Go > Core Go Basics > Fundamental Data Types > Byte and Rune (byte, rune)

Understanding Bytes and Runes in Go

This example demonstrates the difference between bytes and runes in Go, and how they are used to represent characters. It showcases how runes handle Unicode characters, including those outside the ASCII range, while bytes are suitable for basic ASCII or binary data.

Introduction to Bytes and Runes

In Go, both byte and rune are fundamental data types used to represent characters. However, they differ in their representation and intended use. byte is an alias for uint8, representing an 8-bit unsigned integer. rune, on the other hand, is an alias for int32, representing a Unicode code point.

This distinction is crucial when dealing with text, especially when handling characters outside the basic ASCII range (0-127), such as those found in many international languages.

Code Example: Iterating Through a String

This code snippet iterates through the string 'Hello, 世界!' in two ways. First, it iterates by byte, printing the hexadecimal representation of each byte. Notice that the Unicode character '世' is represented by multiple bytes.

Second, it iterates by rune, using the range keyword. This correctly handles Unicode characters, printing the Unicode code point and the character itself. The index reflects the byte position of the beginning of each rune.

package main

import "fmt"

func main() {
	str := "Hello, 世界!"

	fmt.Println("Iterating by byte:")
	for i := 0; i < len(str); i++ {
		fmt.Printf("Index: %d, Byte: %x\n", i, str[i])
	}

	fmt.Println("\nIterating by rune:")
	for index, runeValue := range str {
		fmt.Printf("Index: %d, Rune: %U, Character: %c\n", index, runeValue, runeValue)
	}
}

Understanding the Output

When iterating by byte, you'll see that ASCII characters are represented by a single byte each. However, Unicode characters like '世' and '界' require multiple bytes. This is because they fall outside the ASCII range and are encoded using UTF-8, a variable-width encoding.

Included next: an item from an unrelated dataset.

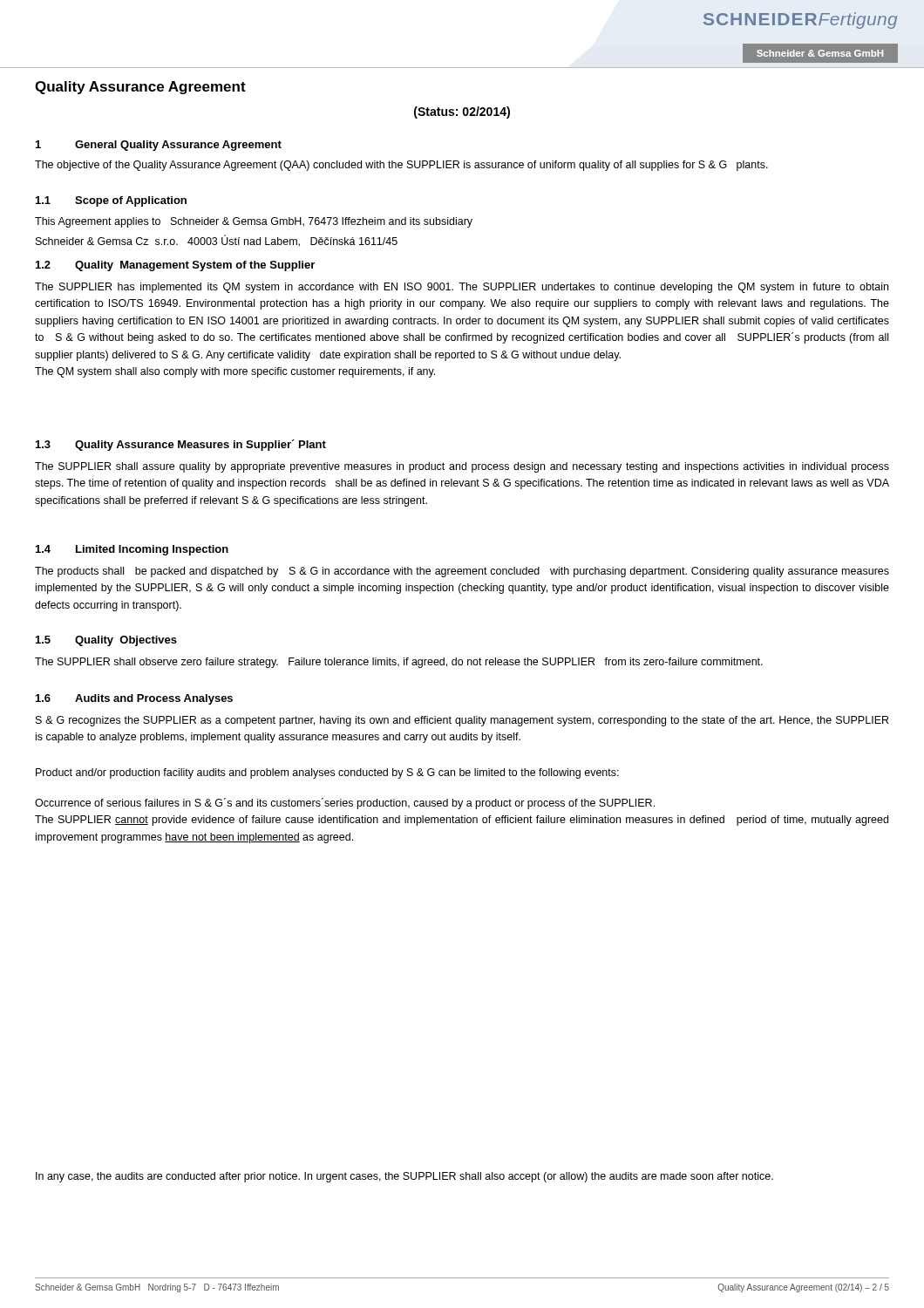Where does it say "1.2Quality Management System of the Supplier"?
The width and height of the screenshot is (924, 1308).
[x=175, y=266]

Iterating by rune ensures that each character, regardless of its encoding, is treated as a single unit. This is essential for correct text processing.

Real-Life Use Case: Text Processing

Runes are particularly useful when you need to process text where characters can be represented by multiple bytes, such as in multilingual applications. For example, if you're counting the number of characters in a string, you should iterate by rune to ensure accurate results. Bytes are suitable when you want to treat the string as a sequence of raw bytes, for instance in binary data processing, or when working with ASCII-only text.

Best Practices

  • Use rune when you need to work with individual Unicode characters.
  • Use byte when you're dealing with raw byte streams or ASCII-only text.
  • When iterating over strings containing potentially non-ASCII characters, always use range to iterate by rune.

Interview Tip

Be prepared to explain the difference between byte and rune in Go. Understand their underlying types (uint8 and int32, respectively) and when each should be used. Demonstrate your understanding with examples of handling Unicode characters.

When to use them

Use byte for handling binary data, ASCII characters, or when storage space is a primary concern and you're certain you won't encounter non-ASCII characters. Use rune when working with text that might contain Unicode characters and when you need to process text character by character.

Memory footprint

A byte occupies 1 byte of memory (8 bits), while a rune occupies 4 bytes of memory (32 bits). Therefore, using byte can be more memory-efficient if you're only dealing with ASCII characters. However, using rune ensures proper handling of all Unicode characters, at the cost of increased memory consumption.

Alternatives

Instead of iterating by bytes you can convert the string to a rune array, which would allocate more memory, but it's useful to get the size and index based on rune instead of byte. runes := []rune(str)

Pros

  • byte: Memory efficient for ASCII-only data and raw byte streams.
  • rune: Correctly handles all Unicode characters, enabling robust text processing.

Cons

  • byte: Cannot properly represent Unicode characters outside the ASCII range.
  • rune: Consumes more memory compared to byte.

FAQ

  • What is the underlying type of `byte` in Go?

    The underlying type of byte is uint8, which represents an 8-bit unsigned integer.
  • What is the underlying type of `rune` in Go?

    The underlying type of rune is int32, which represents a 32-bit integer and is used to store Unicode code points.
  • Why should I use `range` when iterating over a string in Go?

    Using range when iterating over a string ensures that you correctly handle Unicode characters, as it iterates by rune rather than by byte.
  • When should I use `byte` instead of `rune`?

    Use byte when you are working with raw byte streams, ASCII-only text, or when memory efficiency is a primary concern and you are certain that you won't encounter non-ASCII characters.